This Manhattan plot shows the statistical association between single nucleotide polymorphisms (SNPs) and a disease. Dots represent the SNPs and the bands of different tones of grey different chromosomes. In the figure, an association between chromosome 5 SNPs and the disease is presented (open circle)

The first GWAS to be conducted under these modalities was a large case-control study by the Wellcome Trust Case-Control Consortium (WTCCC), in which 14,000 cases affected by 7 among the most common complex diseases (CAD, arterial hypertension, rheumatoid arthritis, Crohn’s disease, bipolar disorder, and diabetes mellitus types I and II) were compared with a set of 3,000 healthy controls.23 The WTCCC study identified 24 genetic variants associated with at least one of these complex diseases and helped to clarify key methodological issues, setting the stage for the more than 400 GWAS that were to follow. These GWAS have so far identified more than 250 loci at which common variants influence the predisposition to diseases that are common (i.e., diabetes, autoimmune diseases, and several types of cancer), an achievement that by far outweighed that of the previous decade of genetic studies.

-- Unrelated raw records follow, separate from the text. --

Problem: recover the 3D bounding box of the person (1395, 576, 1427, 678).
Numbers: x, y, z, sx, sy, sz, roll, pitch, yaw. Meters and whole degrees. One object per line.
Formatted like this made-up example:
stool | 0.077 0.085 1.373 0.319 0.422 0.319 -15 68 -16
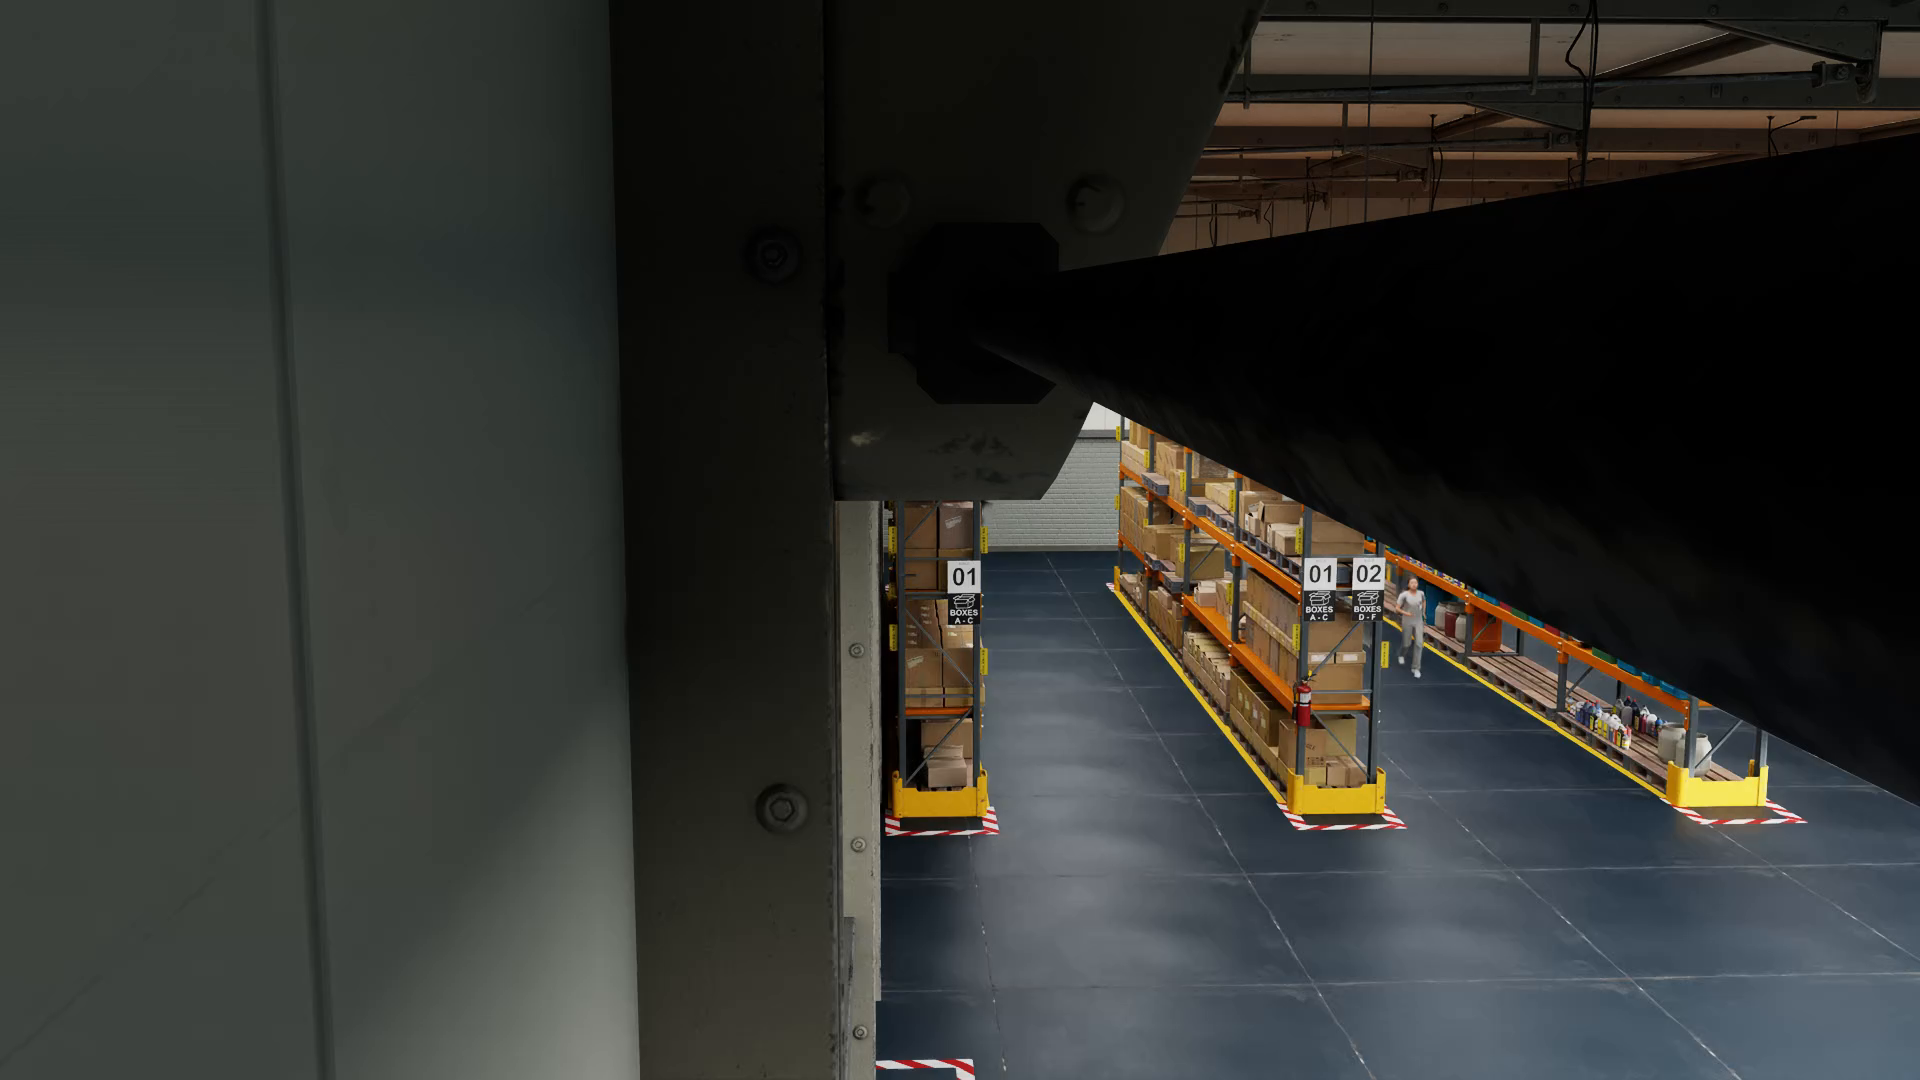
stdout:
person | 7.689 1.439 28.328 0.579 1.677 0.952 0 8 -2
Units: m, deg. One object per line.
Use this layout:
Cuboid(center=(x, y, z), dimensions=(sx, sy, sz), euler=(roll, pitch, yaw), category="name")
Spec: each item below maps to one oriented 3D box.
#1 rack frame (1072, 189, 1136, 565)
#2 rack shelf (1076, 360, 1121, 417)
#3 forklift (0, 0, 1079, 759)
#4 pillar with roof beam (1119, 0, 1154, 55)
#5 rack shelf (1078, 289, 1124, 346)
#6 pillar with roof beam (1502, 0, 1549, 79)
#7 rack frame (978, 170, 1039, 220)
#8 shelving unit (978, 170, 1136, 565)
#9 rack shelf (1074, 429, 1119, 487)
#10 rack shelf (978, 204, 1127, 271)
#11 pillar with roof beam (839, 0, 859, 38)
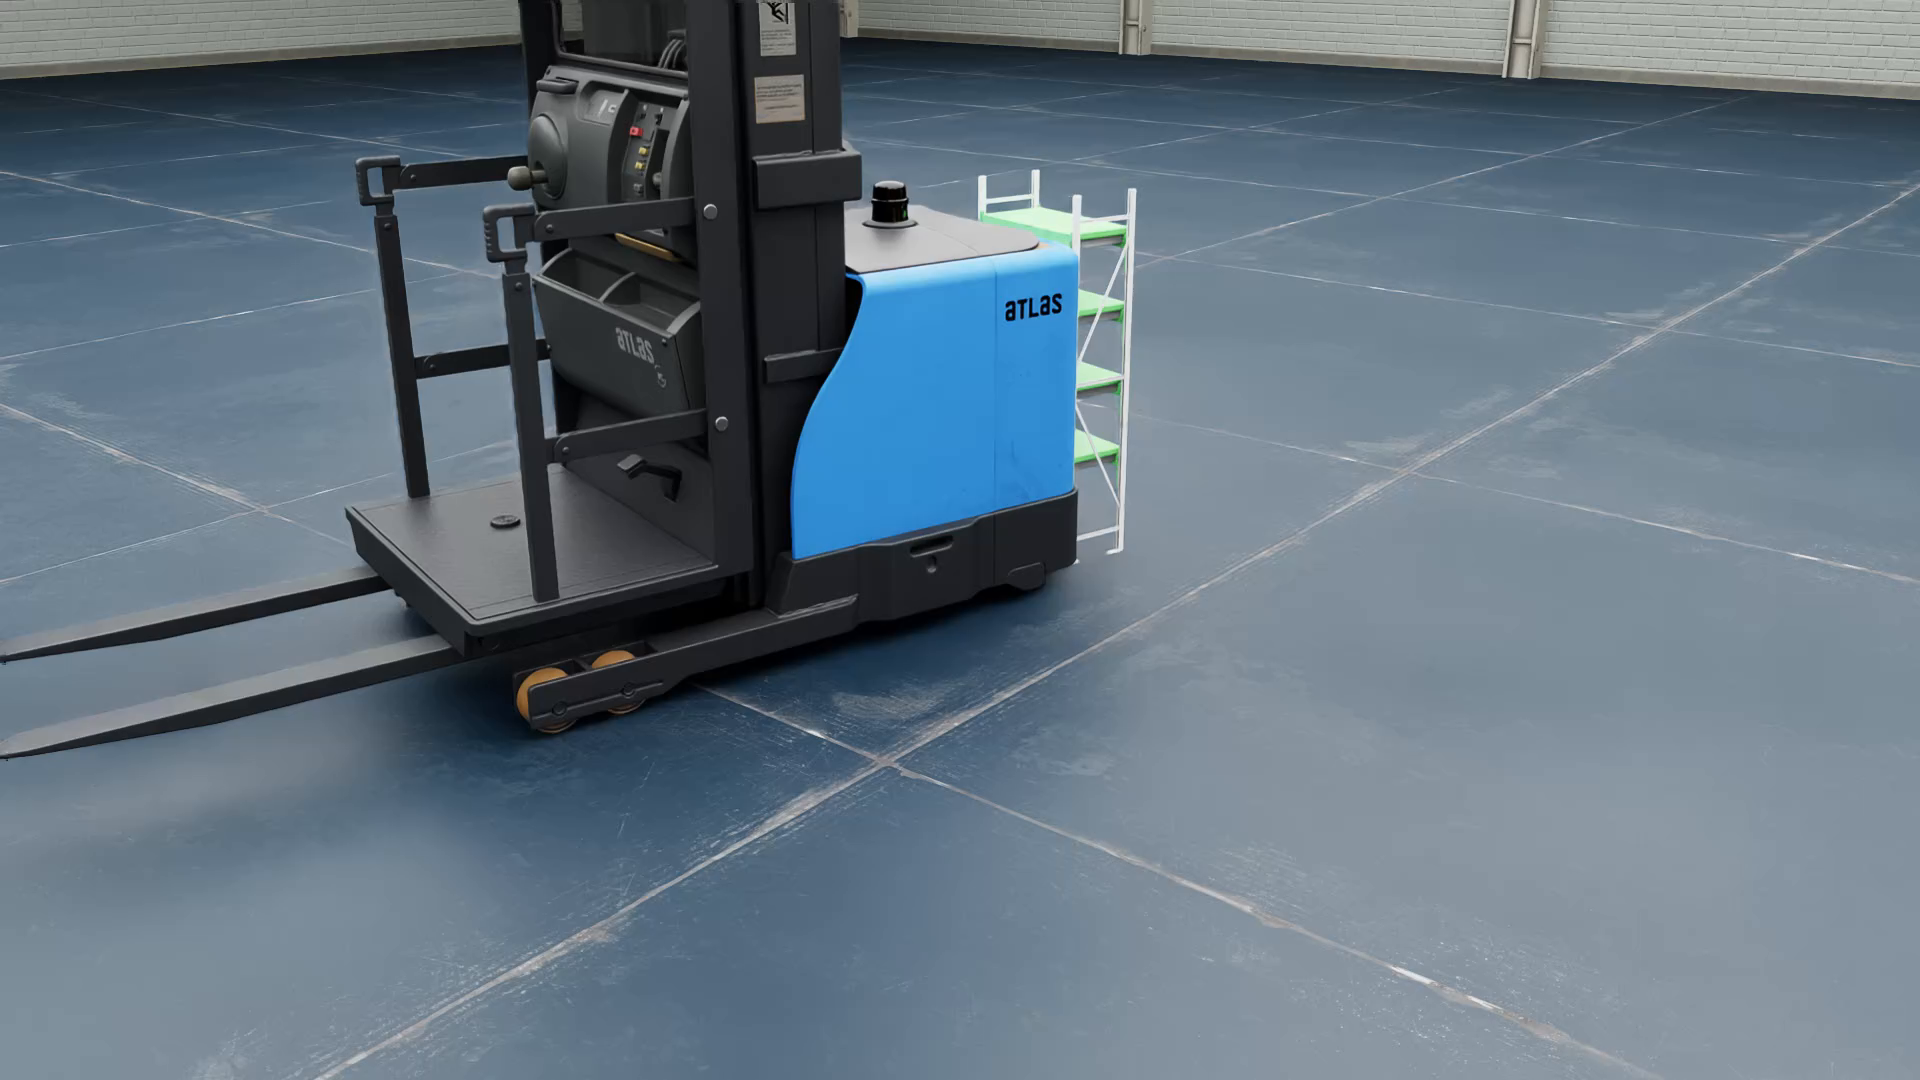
Cuboid(center=(0.444, -0.503, 5.301), dimensions=(0.240, 1.200, 0.015), euler=(-14, 25, -33), category="rack frame")
Cuboid(center=(0.303, -0.513, 5.510), dimensions=(0.258, 0.148, 0.480), euler=(-14, 25, -33), category="rack shelf")
Cuboid(center=(-1.126, -1.079, 4.376), dimensions=(3.031, 2.935, 1.130), euler=(-14, 25, -33), category="forklift")
Cuboid(center=(-0.070, -10.395, 20.481), dimensions=(0.400, 9.000, 9.100), euler=(16, 26, 36), category="pillar with roof beam")
Cuboid(center=(0.303, -0.738, 5.425), dimensions=(0.258, 0.148, 0.480), euler=(-14, 25, -33), category="rack shelf")
Cuboid(center=(4.578, -9.057, 16.931), dimensions=(0.400, 9.000, 9.100), euler=(16, 26, 36), category="pillar with roof beam")
Cuboid(center=(0.162, -0.643, 5.673), dimensions=(0.240, 1.200, 0.015), euler=(-14, 25, -33), category="rack frame")
Cuboid(center=(0.303, -0.573, 5.487), dimensions=(0.258, 1.200, 0.503), euler=(-14, 25, -33), category="shelving unit")
Cuboid(center=(0.302, -0.289, 5.594), dimensions=(0.258, 0.148, 0.480), euler=(-14, 25, -33), category="rack shelf")
Cuboid(center=(0.303, -0.962, 5.340), dimensions=(0.258, 0.148, 0.480), euler=(-14, 25, -33), category="rack shelf")
Cuboid(center=(-4.719, -11.734, 24.031), dimensions=(0.400, 9.000, 9.100), euler=(16, 26, 36), category="pillar with roof beam")

Results are available in the catalogue of published GWAS prepared by the National Cancer Institute (NCI)-National Human Genome Research Institute (NHGRI).24 The genetic variants that can be identified by GWAS are common variants (with at least 5% frequency in the population) and have a low effect size; the conferred relative risks, as expressed by odds ratio, usually range between 1.1 and 1.5. These results confirm the views that the genetic predisposition to common diseases consists of the combined effect of numerous common genetic variants, each of a small effect size. However, it should be noted that GWAS identify regions of the genome (loci) rather than variants of specific genes. Indeed, the specific variant(s) identified by GWAS may simply represent the signal of one or more hidden variant(s) (not typed in the arrays used in GWAS). Limitations of GWAS need to be mentioned. First, these studies need very large samples of cases and controls. Second, DNA and data quality control procedures and statistical analysis need to be carried out by expert centres. Third, the overall cost of GWAS, ranging from hundreds of thousands to millions of US dollars, is prohibitive for most research groups worldwide. And finally, even after and in spite of all quality control procedures, there is still the chance that the results of GWAS include false-positive results, so that an independent replication of these results is still important even after testing thousands of individuals.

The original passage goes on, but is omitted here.